# Roof under warranty, roofer won't return calls for repairs, now major damage exists



## BruceDavisIX (Mar 18, 2010)

Hi Everyone!
Please assist me with an ongoing problem with a roofing contractor. My aunt had a roof replaced in 2002. The roofing material used is about 85% 3-tab shingles (pretty standard) and about 15% flat roof membrane. Since this roof job was done, there have been several leaks. Only once, the first leak, did the company which is still very much in business come out to make a repair. This repair involved replacing flashing that was specified in the contract, but which the contractor did not replace because they felt at the time it looked good enough. Since then, there have been several minor leaks, and plaster has been gradually falling off the walls and ceilings below the unfinished attic. During the recent storm, my aunt noticed there are pieces of roofing material throughout her yard. She went into the attic and discovered about twenty plus leaks. The unfinished attic rafters exhibit signs of water damage and the unfinished attic floor is soggy. There is a damp odor throughout the house. More plaster is coming down in the rooms below. Now she can see daylight through the roof. She called the roofing contractor yesterday, and the company still does not return calls. A recent call to consumer affairs found no complaints against the company. The ten year warranty on labor and materials is still in effect.

My aunt needs to have the roof either repaired or entirely replaced, as well as ALL the damage inside repaired. She would prefer this company not perform any additional work, as their workmanship is obviously very shoddy and their conduct is unprofessional. My question is: What recourse, legal or otherwise, does my aunt have in a situation like this? She doesn't want to pursue litigation if possible, but she NEEDS to have all of this damage repaired once and for all. Please advise me with any suggestions you have, and I'll gladly add more details if it would be helpful. Thank you.


----------



## Wuzzat? (Mar 18, 2010)

Try these guys. . .
State of New Jersey

Take photos.

Contact your insurance company.
Subrogation: What It Is and How It Works

Keep a diary of what happened when.

It sounds like they did not exercise Due Diligence and do not take their Duty of Care very seriously.


----------



## oldognewtrick (Mar 18, 2010)

Bruce, I'm sorry to hear of your aunts roofing issues. I can assure you that not all roofing contractors are like this. You asked for advise on how to handle this and I'll throw these against the wall and see if any will stick for you.

-I would suggest that you call and not your aunt. Ask to speak to the owner personally and don't accept being bounced around. If he won't come to the phone, go there in person and take photos of the issues.

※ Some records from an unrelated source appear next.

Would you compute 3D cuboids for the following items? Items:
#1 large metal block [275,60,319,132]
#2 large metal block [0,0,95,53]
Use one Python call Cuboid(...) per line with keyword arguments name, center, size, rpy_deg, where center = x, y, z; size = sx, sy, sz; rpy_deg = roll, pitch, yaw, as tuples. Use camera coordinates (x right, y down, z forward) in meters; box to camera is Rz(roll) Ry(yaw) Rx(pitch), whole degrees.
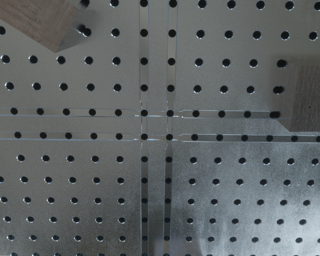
Cuboid(name="large metal block", center=(0.197, -0.042, 0.386), size=(0.080, 0.050, 0.079), rpy_deg=(0, 110, 0))
Cuboid(name="large metal block", center=(-0.125, -0.129, 0.335), size=(0.080, 0.080, 0.050), rpy_deg=(32, 107, -11))
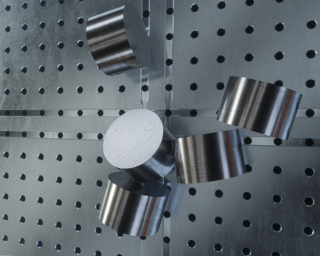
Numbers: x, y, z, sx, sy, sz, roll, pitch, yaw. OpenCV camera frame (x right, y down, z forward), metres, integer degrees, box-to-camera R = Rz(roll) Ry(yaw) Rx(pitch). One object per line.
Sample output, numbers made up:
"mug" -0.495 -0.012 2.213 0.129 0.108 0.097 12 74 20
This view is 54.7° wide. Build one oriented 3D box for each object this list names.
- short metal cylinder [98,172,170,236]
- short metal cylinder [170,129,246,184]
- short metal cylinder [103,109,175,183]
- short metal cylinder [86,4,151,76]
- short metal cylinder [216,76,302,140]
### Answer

-Send any correspondence by certified letter.

-Document ANY interaction with this company, including who you talked to, what was said, time and date. You cannot record phone calls without permission.

-If they are members of the Better Business bureau, file a dispute with them. They must comply to maintain their membership.

-If this doesn't work call your local TV or newspaper and complain how your poor ol aunt is being taken advantage of by a shady company.

-Join Angie's List and post your experiences.

-If this doesn't work you can either pay someone else to put a new roof on or take legal action. Don't put yourself in a bad situation by doing anything that would weaken your position.

-Or get some plywood and make a sandwich board sign and stand in front of their shop expressing how well they treat customers. (well if anyone who works there is named Guido you may want to forget this)


----------



## BruceDavisIX (Mar 19, 2010)

Hey Guys!
Both my aunt and I really appreciate the suggestions offered so far, and I am interested if anyone else has any experience with a similar situation or has additional suggestions. Both myself and my aunt have taken pictures of the damage as well as the broken roofing material strewn over the yard. A claim has been filed with homeowners' insurance and an adjuster should be coming out soon. Interaction with the company is being documented. The company still has not returned phone calls (big surprise )

Since the company is still in business, presumably still carries liability insurance of their own, AND the warranties are still in effect per the job contract, I don't understand why my aunt would have to pay anything out of pocket (except for the deductible if homeowners covers the damages) I understand dealing with a situation like this is a hassle, and I'm helping her as much as possible, but I can't see how she should be on the hook for any of this.

Another question: If this is covered by homeowners' insurance, would my aunt's policy cover the damage, then go after the company and/or their insurance for reimbursement? Like the Subrogation example that Wuzzat cited.


----------



## oldognewtrick (Mar 19, 2010)

Bruce, one of two things has happened. Either you have had a force of nature that caused the damage or the installer didn't install the roof correctly. Insurance companies are not maintenance companies. If the damage is from wind, hail they will inspect the structure and make an assessment. If it is a workmanship issue you will have to pursue the roofing company on your own.

If you are not happy with what the insurance adjuster says call an independent roofing company for a opinion of the condition of the roof.


----------